A little legal history.  Until the mid-20th Century, personal injury lawsuits were relatively rare and awards were typically small.  To win required proof of fault – you had to prove that the defendant intended to cause the injury, or should have known he might cause the injury.  Under that standard, many people injured in accidents could not recover – quite simply most accidents were not foreseen or caused with intent.  That standard suited the corporations most often involved in the serious industrial accidents.   Workplace accidents were ultimately addressed by workers compensation laws – not unlike the New Zealand system – to avoid the litigation and so that anyone injured was compensated.

However, outside of the workplace, accidents, as always, continued to happen just as the availability of, and cost of, medical care, was growing exponentially. Injured plaintiffs began to sue parties who were less clearly at fault.  They hired lawyers who earned a third of any award they might get and who were particularly  creative in finding liability, in pushing the liability envelope.  Over time, the courts and state legislatures, faced with injured and potentially destitute plaintiffs, decreased the “fault” standards, assisting the search for a party with “deep pockets” – or at least with liability insurance – who could be made to pay up.  This trend peaked with the flamboyant plaintiffs’ lawyers, the “kings of tort” who won some clients astronomical verdicts.  See this link to the Wikipedia note on the famed, and feared, tort lawyer Melvin Belli.

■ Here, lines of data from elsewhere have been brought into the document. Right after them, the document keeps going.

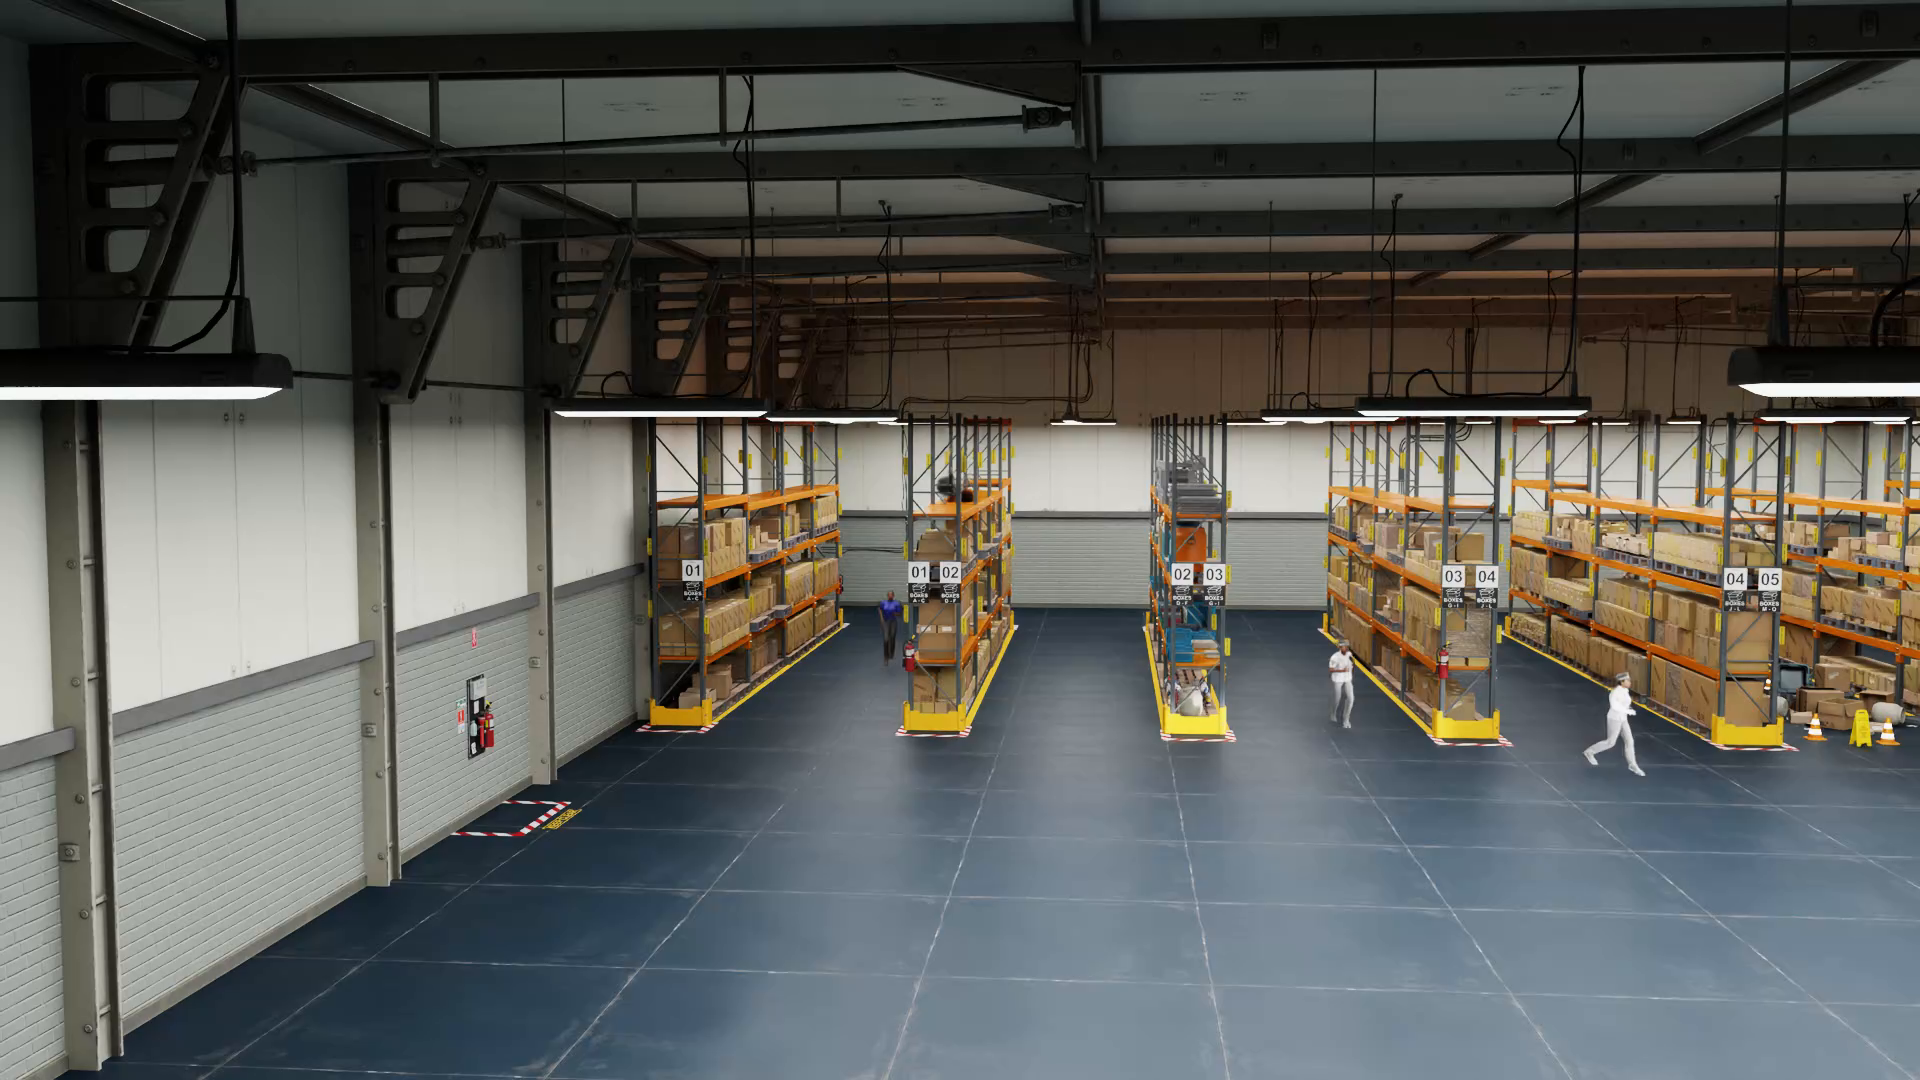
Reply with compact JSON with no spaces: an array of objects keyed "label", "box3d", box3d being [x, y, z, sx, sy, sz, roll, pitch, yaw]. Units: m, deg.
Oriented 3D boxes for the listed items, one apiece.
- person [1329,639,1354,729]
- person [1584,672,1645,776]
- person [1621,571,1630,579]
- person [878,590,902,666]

That system of relying on law suits to compensate the injured is what we have in the US today, haphazardly compensating some injured parties.  But it has notable flaws.   First, many  injured parties fall through the cracks – no one is found liable, or there isn’t any insurance.  And actual awards can vary to a staggering degree depending on the skill of the lawyers, the jurisdiction, the sympathy of the jury, and a thousand other factors.  Secondly, litigation in the court system is notoriously burdensome, both on the state and on the litigants.  As noted, a third of any award is taken off the top just to compensate the plaintiff’s lawyer, a major flaw if the concern is to assist the injured party.   Law suits are really best used only as a last resort.  Claims for auto accidents, for example, are now often handled under state “no fault” statutes.  And finally, the changes in the law that removed proof of meaningful fault has made all of us potential defendants.

Our current remedy is to purchase liability insurance.  We cross our fingers.  We avoid anything that seems dangerous.  We hope that nothing bad happens – that the mailman doesn’t slip on the walk and that the kid doesn’t injure someone playing baseball.  And we hope that our $300,000 policy will be enough even though our insurance agent told us we need a million dollar policy, or five million.  In short, we live in fear lest, god forbid, someone is hurt and we are sued.

Which is an overlong way of saying that New Zealand set the balance right in creating a compensation fund, and, more importantly in providing universal health care that can be relied on for any person injured.

So, are you tired of living in fear of lawsuits?  We could get smart, look to New Zealand, and rewrite the laws for accident compensation, health care, and liability.  My guess is that the insurers and the litigation lawyers would cry foul.